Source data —
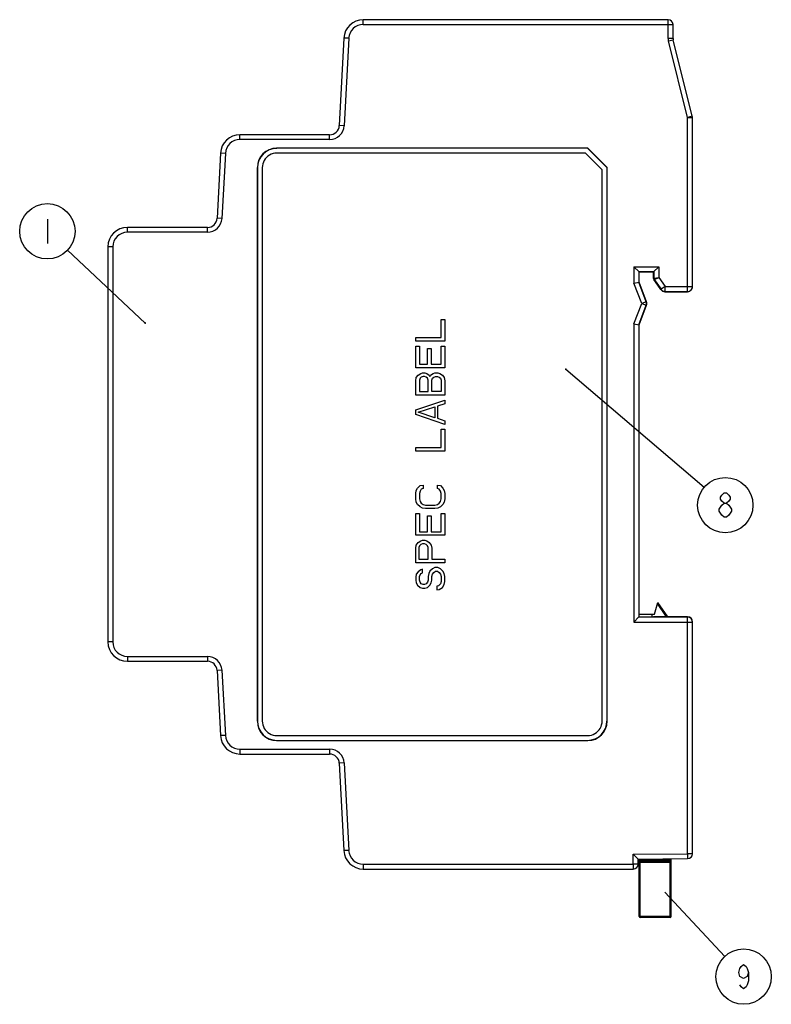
# Model space of a CAD drawing. Header units: millimetres. Extents: x 0 to 594, y 0 to 420.
# Tile 5 of 10: x 216 to 294, y 147 to 248. Entities that reach past the tile are written whole.
import ezdxf

# ---------------------------------------------------------------- set-up
doc = ezdxf.new("R2010")
doc.units = ezdxf.units.MM
doc.header["$LTSCALE"] = 32.67
doc.layers.get('0').update_dxf_attribs({"linetype": 'CONTINUOUS'})
doc.styles.get("Standard").update_dxf_attribs({"font": 'txt', "width": 0.8})
doc.dimstyles.get("Standard").update_dxf_attribs({"dimtxt": 0.15625, "dimasz": 0.1875, "dimexe": 0.125, "dimexo": 0.0625, "dimtad": 0, "dimtih": 1, "dimtoh": 1, "dimdsep": 46, "dimtxsty": 'STANDARD', "dimblk": '_FILLED', "dimblk1": '_FILLED', "dimblk2": '_FILLED', "dimcen": 0.09, "dimazin": 2, "dimtp": 0.01, "dimtm": 0.01, "dimtfac": 1, "dimtofl": 0, "dimtmove": 0, "dimatfit": 3, "dimldrblk": '_FILLED', "dimfxl": 1, "dimtolj": 1, "dimarcsym": 0})

# ---------------------------------------------------------------- blocks, each defined once
blk = doc.blocks.new('_FILLED')
at = {"color": 0, "linetype": 'BYBLOCK'}
blk.add_solid([(0, 0), (-1, 0.17), (-1, -0.17)], dxfattribs=at)

msp = doc.modelspace()

# ---------------------------------------------------------------- linework, layer by layer
at = {"color": 7, "linetype": 'CONTINUOUS'}
for p, q in [((251.63, 247.84), (251.63, 248.34)), ((283.04, 248.34), (251.63, 248.34)), ((251.63, 247.84), (283.54, 247.84)), ((283.04, 246.4), (283.04, 248.34)), ((283.54, 246.4), (283.54, 247.84)), ((249.64, 246.45), (249.16, 237.44)), ((250.14, 246.42), (249.64, 246.45)), ((250.14, 246.42), (249.66, 237.41)), ((283.54, 246.4), (283.04, 246.4)), ((283.07, 246.16), (283.55, 246.28)), ((285.04, 238.28), (283.07, 246.16)), ((285.52, 238.4), (283.55, 246.28)), ((285.52, 238.4), (285.04, 238.28)), ((249.66, 237.41), (249.16, 237.44)), ((285.04, 220.32), (285.04, 238.28)), ((285.04, 238.28), (285.54, 238.28)), ((285.54, 220.82), (285.54, 238.28)), ((238.93, 235.99), (238.93, 236.49)), ((248.17, 236.49), (238.93, 236.49)), ((248.17, 235.99), (248.17, 236.49)), ((248.17, 235.99), (238.93, 235.99)), ((236.94, 234.6), (236.59, 227.89)), ((237.44, 234.57), (236.94, 234.6)), ((237.44, 234.57), (237.08, 227.86)), ((242.71, 235.11), (242.73, 235.09)), ((274.75, 235.11), (242.71, 235.11)), ((274.73, 235.09), (242.73, 235.09)), ((274.52, 234.59), (242.73, 234.59)), ((276.24, 232.88), (274.52, 234.59)), ((276.74, 233.08), (274.73, 235.09)), ((274.75, 235.11), (276.75, 233.1)), ((240.72, 233.12), (240.72, 176.07)), ((240.74, 233.1), (240.74, 176.08)), ((241.24, 233.1), (241.24, 176.08)), ((276.24, 176.08), (276.24, 232.88)), ((276.74, 176.08), (276.74, 233.08)), ((276.75, 176.07), (276.75, 233.1)), ((237.08, 227.86), (236.59, 227.89)), ((227.34, 226.44), (227.34, 226.94)), ((235.59, 226.94), (227.34, 226.94)), ((235.59, 226.44), (227.34, 226.44)), ((235.59, 226.44), (235.59, 226.94)), ((225.34, 224.94), (225.34, 184.24)), ((225.84, 224.94), (225.34, 224.94)), ((225.84, 224.94), (225.84, 184.24)), ((279.5, 222.89), (279.5, 221.21)), ((279.5, 222.89), (280.04, 222.36)), ((279.5, 222.89), (282.07, 222.89)), ((280, 222.39), (280, 221.3)), ((280, 222.39), (281.57, 222.39)), ((280.04, 221.31), (280.04, 222.36)), ((280.04, 222.36), (281.54, 222.36)), ((281.54, 222.36), (282.07, 222.89)), ((281.54, 221.68), (281.54, 222.36)), ((281.57, 222.39), (281.57, 221.69)), ((282.07, 222.89), (282.07, 221.79)), ((279.5, 221.21), (280.04, 221.31)), ((280.31, 219.11), (279.5, 221.21)), ((280.78, 219.29), (280, 221.3)), ((280.82, 219.29), (280.04, 221.31)), ((281.54, 221.68), (281.57, 221.69)), ((281.57, 221.69), (281.6, 221.7)), ((281.57, 221.57), (281.6, 221.58)), ((282.29, 220.54), (281.57, 221.57)), ((281.6, 221.7), (282.07, 221.79)), ((281.6, 221.58), (281.69, 221.62)), ((281.6, 221.58), (282.3, 220.57)), ((281.69, 221.62), (282.07, 221.79)), ((282.07, 221.79), (282.72, 220.85)), ((282.3, 220.57), (282.29, 220.54)), ((282.72, 220.85), (282.3, 220.57)), ((282.67, 220.36), (282.72, 220.35)), ((282.71, 220.34), (282.7, 220.32)), ((282.7, 220.32), (285.04, 220.32)), ((282.72, 220.35), (282.72, 220.85)), ((282.72, 220.85), (285.54, 220.85)), ((282.72, 220.35), (285.04, 220.35)), ((279.5, 217.01), (280.31, 219.11)), ((280.78, 219.29), (280.31, 219.11)), ((280.31, 219.11), (280.78, 218.93)), ((280.78, 219.29), (280.82, 219.29)), ((280, 216.92), (280.78, 218.93)), ((280.04, 216.91), (280.82, 218.93)), ((280.78, 218.93), (280.82, 218.93)), ((279.5, 217.01), (279.5, 186.29)), ((279.5, 217.01), (280.04, 216.91)), ((280, 216.92), (280, 186.79)), ((280.04, 186.82), (280.04, 216.91)), ((281.64, 187.09), (281.96, 188.31)), ((282.88, 186.82), (281.93, 188.18)), ((283.01, 186.82), (281.96, 188.31)), ((280.03, 186.82), (279.5, 186.29)), ((285.04, 186.79), (280, 186.79)), ((280.03, 186.82), (281.54, 186.82)), ((280.04, 187.09), (281.64, 187.09)), ((281.34, 187.09), (281.34, 186.82)), ((285.04, 186.82), (281.54, 186.82)), ((281.54, 186.82), (281.54, 186.82)), ((285.04, 162.41), (285.04, 186.82)), ((285.08, 186.79), (285.04, 186.79)), ((279.5, 186.29), (285.54, 186.29)), ((285.54, 162.41), (285.54, 186.32)), ((225.84, 184.24), (225.34, 184.24)), ((227.34, 182.74), (227.34, 182.24)), ((227.34, 182.74), (235.59, 182.74)), ((235.59, 182.74), (235.59, 182.24)), ((227.34, 182.24), (235.59, 182.24)), ((237.08, 181.32), (236.59, 181.29)), ((236.59, 181.29), (236.94, 174.59)), ((237.08, 181.32), (237.44, 174.61)), ((237.44, 174.61), (236.94, 174.59)), ((242.73, 174.59), (274.74, 174.59)), ((242.71, 174.07), (274.76, 174.07)), ((242.73, 174.09), (274.74, 174.09)), ((238.93, 173.19), (238.93, 172.69)), ((238.93, 173.19), (248.17, 173.19)), ((238.93, 172.69), (248.17, 172.69)), ((248.17, 173.19), (248.17, 172.69)), ((249.66, 171.77), (249.16, 171.74)), ((249.16, 171.74), (249.64, 162.74)), ((249.66, 171.77), (250.14, 162.76)), ((250.14, 162.76), (249.64, 162.74)), ((279.45, 162.37), (285.04, 162.41)), ((279.95, 161.87), (279.45, 162.37)), ((279.45, 161.34), (279.45, 162.37)), ((285.54, 162.41), (285.04, 162.41)), ((285.04, 162.41), (285.04, 161.91)), ((251.63, 161.34), (251.63, 160.84)), ((251.63, 161.34), (279.45, 161.34)), ((279.95, 161.34), (279.45, 161.34)), ((279.45, 161.34), (279.45, 160.84)), ((279.95, 161.87), (285.04, 161.91)), ((279.95, 161.34), (279.95, 161.87)), ((280.04, 155.95), (280.04, 161.87)), ((283.34, 161.75), (280.04, 161.75)), ((280.04, 161.55), (283.34, 161.55)), ((280.14, 155.85), (280.14, 161.87)), ((280.14, 161.65), (283.24, 161.65)), ((281.24, 161.88), (281.24, 161.65)), ((281.34, 161.88), (281.34, 161.75)), ((283.24, 155.85), (283.24, 161.9)), ((283.34, 155.95), (283.34, 161.9)), ((251.63, 160.84), (279.45, 160.84)), ((283.34, 155.95), (280.04, 155.95)), ((283.24, 155.85), (280.14, 155.85))]:
    msp.add_line(p, q, dxfattribs=at)
at = {"color": 2, "linetype": 'CONTINUOUS'}
for p, q in [((219.1, 227.79), (219.1, 225.29)), ((288.42, 199.16), (288.55, 199.37)), ((288.42, 198.95), (288.42, 199.16)), ((288.55, 198.74), (288.42, 198.95)), ((288.55, 199.37), (288.8, 199.58)), ((288.8, 199.58), (289.05, 199.58)), ((289.05, 199.58), (289.3, 199.37)), ((289.3, 199.37), (289.42, 199.16)), ((289.42, 198.95), (289.3, 198.74)), ((289.42, 199.16), (289.42, 198.95)), ((288.3, 197.91), (288.42, 198.12)), ((288.3, 197.7), (288.3, 197.91)), ((288.42, 198.12), (288.55, 198.33)), ((288.8, 198.54), (288.55, 198.74)), ((288.55, 198.33), (288.8, 198.54)), ((288.8, 198.54), (289.05, 198.54)), ((289.3, 198.74), (289.05, 198.54)), ((289.05, 198.54), (289.3, 198.33)), ((289.3, 198.33), (289.42, 198.12)), ((289.42, 198.12), (289.55, 197.91)), ((289.55, 197.91), (289.55, 197.7)), ((288.55, 197.29), (288.3, 197.7)), ((288.8, 197.08), (288.55, 197.29)), ((289.05, 197.08), (288.8, 197.08)), ((289.3, 197.29), (289.05, 197.08)), ((289.55, 197.7), (289.3, 197.29)), ((290.31, 150.17), (290.43, 150.59)), ((290.43, 149.76), (290.31, 150.17)), ((290.43, 150.59), (290.56, 150.8)), ((290.56, 150.8), (290.81, 151.01)), ((290.81, 151.01), (291.06, 150.8)), ((291.06, 150.8), (291.18, 150.59)), ((291.18, 150.59), (291.31, 150.17)), ((291.31, 150.17), (291.18, 149.76)), ((291.31, 150.17), (291.31, 149.34)), ((290.81, 149.55), (290.43, 149.76)), ((291.18, 149.76), (290.81, 149.55)), ((291.31, 149.34), (291.18, 148.92)), ((290.56, 148.71), (290.43, 148.92)), ((290.81, 148.51), (290.56, 148.71)), ((291.06, 148.71), (290.81, 148.51)), ((291.18, 148.92), (291.06, 148.71))]:
    msp.add_line(p, q, dxfattribs=at)
at = {"color": 4, "linetype": 'CONTINUOUS'}
for p, q in [((259.65, 215.59), (259.65, 217.47)), ((259.65, 217.47), (260.04, 217.47)), ((260.04, 217.47), (260.04, 215.22)), ((257.04, 215.22), (257.04, 215.59)), ((257.04, 215.59), (259.65, 215.59)), ((260.04, 215.22), (257.04, 215.22)), ((257.04, 212.47), (257.04, 214.72)), ((257.04, 214.72), (257.42, 214.72)), ((257.42, 214.72), (257.42, 212.84)), ((258.25, 212.84), (258.25, 214.47)), ((258.25, 214.47), (258.63, 214.47)), ((258.63, 214.47), (258.63, 212.84)), ((259.65, 212.84), (259.65, 214.72)), ((259.65, 214.72), (260.04, 214.72)), ((260.04, 214.72), (260.04, 212.47)), ((260.04, 212.47), (257.04, 212.47)), ((257.42, 212.84), (258.25, 212.84)), ((258.63, 212.84), (259.65, 212.84)), ((257.04, 211.15), (257.1, 211.47)), ((257.04, 209.65), (257.04, 211.15)), ((257.1, 211.47), (257.29, 211.72)), ((257.29, 211.72), (257.55, 211.9)), ((257.48, 211.4), (257.42, 211.22)), ((257.42, 211.22), (257.42, 210.03)), ((257.61, 211.53), (257.48, 211.4)), ((257.55, 211.9), (257.74, 211.97)), ((257.8, 211.59), (257.61, 211.53)), ((257.74, 211.97), (257.99, 211.97)), ((257.93, 211.59), (257.8, 211.59)), ((258.12, 211.53), (257.93, 211.59)), ((257.99, 211.97), (258.18, 211.9)), ((258.25, 211.4), (258.12, 211.53)), ((258.18, 211.9), (258.44, 211.72)), ((258.31, 211.22), (258.25, 211.4)), ((258.31, 210.03), (258.31, 211.22)), ((258.44, 211.72), (258.5, 211.59)), ((258.5, 211.59), (258.57, 211.72)), ((258.57, 211.72), (258.82, 211.9)), ((258.7, 211.22), (258.76, 211.4)), ((258.7, 210.03), (258.7, 211.22)), ((258.76, 211.4), (258.89, 211.53)), ((258.82, 211.9), (259.01, 211.97)), ((258.89, 211.53), (259.08, 211.59)), ((259.01, 211.97), (259.33, 211.97)), ((259.08, 211.59), (259.27, 211.59)), ((259.27, 211.59), (259.46, 211.53)), ((259.33, 211.97), (259.53, 211.9)), ((259.46, 211.53), (259.59, 211.4)), ((259.53, 211.9), (259.78, 211.72)), ((259.59, 211.4), (259.65, 211.22)), ((259.65, 211.22), (259.65, 210.03)), ((259.78, 211.72), (259.97, 211.47)), ((259.97, 211.47), (260.04, 211.15)), ((260.04, 211.15), (260.04, 209.65)), ((257.42, 210.03), (258.31, 210.03)), ((259.65, 210.03), (258.7, 210.03)), ((260.04, 209.65), (257.04, 209.65)), ((257.04, 208.15), (260.04, 209.15)), ((260.04, 209.15), (260.04, 208.78)), ((257.04, 207.65), (257.04, 208.15)), ((257.29, 207.9), (259.01, 208.47)), ((259.01, 208.47), (259.01, 207.34)), ((260.04, 208.78), (259.27, 208.53)), ((259.27, 208.53), (259.27, 207.28)), ((260.04, 206.65), (257.04, 207.65)), ((259.01, 207.34), (257.29, 207.9)), ((259.27, 207.28), (260.04, 207.03)), ((260.04, 207.03), (260.04, 206.65)), ((259.65, 204.28), (259.65, 206.15)), ((259.65, 206.15), (260.04, 206.15)), ((260.04, 206.15), (260.04, 203.9)), ((257.04, 203.9), (257.04, 204.28)), ((257.04, 204.28), (259.65, 204.28)), ((260.04, 203.9), (257.04, 203.9)), ((257.04, 199.53), (257.1, 199.84)), ((257.1, 199.84), (257.23, 200.09)), ((257.23, 200.09), (257.48, 200.34)), ((257.48, 200.34), (257.8, 200.4)), ((257.61, 199.97), (257.48, 199.78)), ((257.8, 200.03), (257.61, 199.97)), ((257.8, 200.4), (257.8, 200.03)), ((259.27, 200.03), (259.27, 200.4)), ((259.27, 200.4), (259.59, 200.34)), ((259.46, 199.97), (259.27, 200.03)), ((259.59, 199.78), (259.46, 199.97)), ((259.59, 200.34), (259.84, 200.09)), ((259.84, 200.09), (259.97, 199.84)), ((259.97, 199.84), (260.04, 199.53)), ((257.04, 198.97), (257.04, 199.53)), ((257.1, 198.65), (257.04, 198.97)), ((257.48, 199.78), (257.42, 199.53)), ((257.42, 199.53), (257.42, 198.97)), ((257.42, 198.97), (257.48, 198.72)), ((259.65, 199.53), (259.59, 199.78)), ((259.59, 198.72), (259.65, 198.97)), ((259.65, 198.97), (259.65, 199.53)), ((260.04, 198.97), (259.97, 198.65)), ((260.04, 199.53), (260.04, 198.97)), ((257.23, 198.4), (257.1, 198.65)), ((257.48, 198.15), (257.23, 198.4)), ((257.48, 198.72), (257.61, 198.53)), ((257.74, 198.03), (257.48, 198.15)), ((257.61, 198.53), (257.8, 198.4)), ((258.06, 197.97), (257.74, 198.03)), ((257.8, 198.4), (258.06, 198.34)), ((258.06, 198.34), (259.01, 198.34)), ((259.01, 197.97), (258.06, 197.97)), ((259.01, 198.34), (259.27, 198.4)), ((259.33, 198.03), (259.01, 197.97)), ((259.27, 198.4), (259.46, 198.53)), ((259.59, 198.15), (259.33, 198.03)), ((259.46, 198.53), (259.59, 198.72)), ((259.84, 198.4), (259.59, 198.15)), ((259.97, 198.65), (259.84, 198.4)), ((257.04, 195.22), (257.04, 197.47)), ((257.04, 197.47), (257.42, 197.47)), ((257.42, 197.47), (257.42, 195.59)), ((258.25, 195.59), (258.25, 197.22)), ((258.25, 197.22), (258.63, 197.22)), ((258.63, 197.22), (258.63, 195.59)), ((259.65, 195.59), (259.65, 197.47)), ((259.65, 197.47), (260.04, 197.47)), ((260.04, 197.47), (260.04, 195.22)), ((260.04, 195.22), (257.04, 195.22)), ((257.42, 195.59), (258.25, 195.59)), ((258.63, 195.59), (259.65, 195.59)), ((257.04, 193.9), (257.1, 194.22)), ((257.04, 192.4), (257.04, 193.9)), ((257.1, 194.22), (257.29, 194.47)), ((257.29, 194.47), (257.55, 194.65)), ((257.42, 194.15), (257.36, 193.97)), ((257.36, 193.97), (257.36, 192.78)), ((257.55, 194.28), (257.42, 194.15)), ((257.55, 194.65), (257.74, 194.72)), ((257.74, 194.34), (257.55, 194.28)), ((257.74, 194.72), (257.99, 194.72)), ((257.93, 194.34), (257.74, 194.34)), ((258.12, 194.28), (257.93, 194.34)), ((257.99, 194.72), (258.18, 194.65)), ((258.25, 194.15), (258.12, 194.28)), ((258.18, 194.65), (258.44, 194.47)), ((258.31, 193.97), (258.25, 194.15)), ((258.31, 192.78), (258.31, 193.97)), ((258.44, 194.47), (258.63, 194.22)), ((258.63, 194.22), (258.7, 193.9)), ((258.7, 193.9), (258.7, 192.78)), ((257.36, 192.78), (258.31, 192.78)), ((258.7, 192.78), (260.04, 192.78)), ((260.04, 192.78), (260.04, 192.4)), ((260.04, 192.4), (257.04, 192.4)), ((257.74, 191.72), (257.55, 191.65)), ((257.74, 191.34), (257.74, 191.72)), ((258.76, 191.78), (258.5, 191.53)), ((259.01, 191.9), (258.76, 191.78)), ((259.33, 191.9), (259.01, 191.9)), ((259.59, 191.78), (259.33, 191.9)), ((259.84, 191.53), (259.59, 191.78)), ((257.1, 191.22), (257.04, 190.9)), ((257.04, 190.9), (257.04, 190.59)), ((257.29, 191.47), (257.1, 191.22)), ((257.55, 191.65), (257.29, 191.47)), ((257.42, 190.97), (257.48, 191.15)), ((257.42, 190.59), (257.42, 190.97)), ((257.48, 191.15), (257.61, 191.28)), ((257.61, 191.28), (257.74, 191.34)), ((258.38, 191.28), (258.31, 190.97)), ((258.31, 190.97), (258.31, 190.59)), ((258.5, 191.53), (258.38, 191.28)), ((258.7, 190.97), (258.76, 191.22)), ((258.7, 190.59), (258.7, 190.97)), ((258.76, 191.22), (258.89, 191.4)), ((258.89, 191.4), (259.08, 191.53)), ((259.08, 191.53), (259.27, 191.53)), ((259.27, 191.53), (259.46, 191.4)), ((259.46, 191.4), (259.59, 191.22)), ((259.59, 191.22), (259.65, 190.97)), ((259.65, 190.97), (259.65, 190.47)), ((259.97, 191.28), (259.84, 191.53)), ((260.04, 190.97), (259.97, 191.28)), ((260.04, 190.47), (260.04, 190.97)), ((257.04, 190.59), (257.1, 190.34)), ((257.1, 190.34), (257.23, 190.09)), ((257.23, 190.09), (257.48, 189.84)), ((257.48, 190.4), (257.42, 190.59)), ((257.61, 190.22), (257.48, 190.4)), ((257.48, 189.84), (257.74, 189.78)), ((257.8, 190.15), (257.61, 190.22)), ((257.74, 189.78), (257.99, 189.78)), ((257.93, 190.15), (257.8, 190.15)), ((258.12, 190.22), (257.93, 190.15)), ((257.99, 189.78), (258.25, 189.84)), ((258.25, 190.4), (258.12, 190.22)), ((258.31, 190.59), (258.25, 190.4)), ((258.25, 189.84), (258.5, 190.09)), ((258.5, 190.09), (258.63, 190.34)), ((258.63, 190.34), (258.7, 190.59)), ((259.4, 190.03), (259.21, 189.97)), ((259.21, 189.97), (259.21, 189.59)), ((259.59, 190.22), (259.4, 190.03)), ((259.46, 189.65), (259.78, 189.84)), ((259.65, 190.47), (259.59, 190.22)), ((259.78, 189.84), (259.97, 190.15)), ((259.97, 190.15), (260.04, 190.47)), ((259.21, 189.59), (259.46, 189.65))]:
    msp.add_line(p, q, dxfattribs=at)
at = {"color": 2, "linetype": 'CONTINUOUS'}
for centre in [(219.1, 226.54), (288.92, 198.33), (290.81, 149.76)]:
    msp.add_circle(centre, 2.85, dxfattribs=at)
at = {"color": 7, "linetype": 'CONTINUOUS'}
for centre, radius, start, end in [((251.63, 246.34), 2, 90, 177), ((251.63, 246.34), 1.5, 90, 177), ((283.04, 247.84), 0.5, 0, 90), ((284.04, 246.4), 1, 180, 194.0362), ((284.04, 246.4), 0.5, 180, 194.0362), ((285.04, 238.28), 0.5, 0, 14.0362), ((248.17, 237.49), 1, 270, 357), ((248.17, 237.49), 1.5, 270, 357), ((238.93, 234.49), 2, 90, 177), ((238.93, 234.49), 1.5, 90, 177), ((235.59, 227.94), 1, 270, 357), ((235.59, 227.94), 1.5, 270, 357), ((227.34, 224.94), 2, 90, 180), ((227.34, 224.94), 1.5, 90, 180), ((282.72, 220.86), 0.504, 214.9344, 233.1359), ((285.04, 220.85), 0.5, 269.9998, 359.9998), ((280.31, 219.11), 0.5, 338.8729, 21.1271), ((285.04, 186.32), 0.5, 0.0001, 90), ((285.04, 186.29), 0.493, 0.0067, 3.7584), ((227.34, 184.24), 2, 180, 270), ((227.34, 184.24), 1.5, 180, 270), ((235.59, 181.24), 1.5, 3, 90), ((235.59, 181.24), 1, 3, 90), ((238.93, 174.69), 2, 183, 270), ((238.93, 174.69), 1.5, 183, 270), ((248.17, 171.69), 1.5, 3, 90), ((248.17, 171.69), 1, 3, 90), ((251.63, 162.84), 2, 183, 270), ((251.63, 162.84), 1.5, 183, 270), ((285.04, 162.41), 0.5, 270.5, 360), ((279.45, 161.34), 0.5, 270, 359.8), ((280.14, 161.55), 0.1, 90, 180), ((281.44, 161.75), 0.1, 180, 270), ((283.24, 161.55), 0.1, 0, 90), ((280.14, 155.95), 0.1, 180, 270), ((283.24, 155.95), 0.1, 270, 360)]:
    msp.add_arc(centre, radius, start, end, dxfattribs=at)
for centre, major_axis, ratio, start_param, end_param in [((242.73, 233.1), (-1.42, 1.42), 0.992433, -0.7816, 0.7816), ((242.74, 233.08), (1.42, -1.42), 0.992433, 2.359993, 3.923193), ((281.74, 221.68), (0.197, 0.035), 0.999962, 2.964203, 3.569744), ((282.7, 220.82), (0.403, 0.296), 0.999961, 3.11352, 4.078765), ((280.35, 219.11), (0.5, 0), 0.999993, -0.368694, 0.368694), ((242.73, 176.08), (1.42, 1.42), 0.992433, -3.923193, -2.359993), ((242.74, 176.1), (1.42, 1.42), 0.992433, 2.359993, 3.923193), ((274.73, 176.1), (-1.42, 1.42), 0.992433, 2.359993, 3.923193), ((274.75, 176.08), (1.42, -1.42), 0.992433, -0.7816, 0.7816)]:
    msp.add_ellipse(centre, major_axis=major_axis, ratio=ratio, start_param=start_param, end_param=end_param, dxfattribs=at)
for points in [[(242.73, 234.59), (242.47, 234.59), (241.95, 234.45), (241.38, 233.88), (241.24, 233.36), (241.24, 233.1)], [(281.57, 221.69), (281.57, 221.65), (281.58, 221.61), (281.6, 221.58)], [(282.42, 220.45), (282.49, 220.4), (282.58, 220.36), (282.67, 220.36)], [(241.24, 176.08), (241.24, 175.82), (241.38, 175.3), (241.95, 174.73), (242.47, 174.59), (242.73, 174.59)], [(274.74, 174.59), (275.01, 174.59), (275.53, 174.73), (276.1, 175.3), (276.24, 175.82), (276.24, 176.08)]]:
    msp.add_open_spline(points, degree=3, dxfattribs=at)
for points, knots in [([(285.04, 220.32), (285.11, 220.32), (285.26, 220.35), (285.42, 220.49), (285.52, 220.65), (285.54, 220.77), (285.54, 220.82)], [0, 0, 0, 0, 0.294162, 0.552537, 0.782705, 1, 1, 1, 1]), ([(285.53, 186.32), (285.53, 186.44), (285.43, 186.67), (285.19, 186.78), (285.08, 186.79)], [0, 0, 0, 0, 0.500022, 1, 1, 1, 1])]:
    msp.add_open_spline(points, degree=3, knots=knots, dxfattribs=at)

# ---------------------------------------------------------------- leaders
at = {"color": 2, "linetype": 'CONTINUOUS'}
for points, override in [([(229.17, 217.09), (221.18, 224.59)], {"dimtad": 0, "dimldrblk": 'DOT'}), ([(272.49, 212.33), (286.75, 200.18)], {"dimtad": 0, "dimldrblk": 'DOT'}), ([(282.7, 158.45), (288.86, 151.84)], {"dimtad": 0})]:
    msp.add_leader(points, dimstyle='STANDARD', override=override, dxfattribs=at)

doc.saveas('drawing.dxf')

Directions — For the data shown above, give the number of lines where the word "ratio" appears, and nothing else.

Exercise response — 2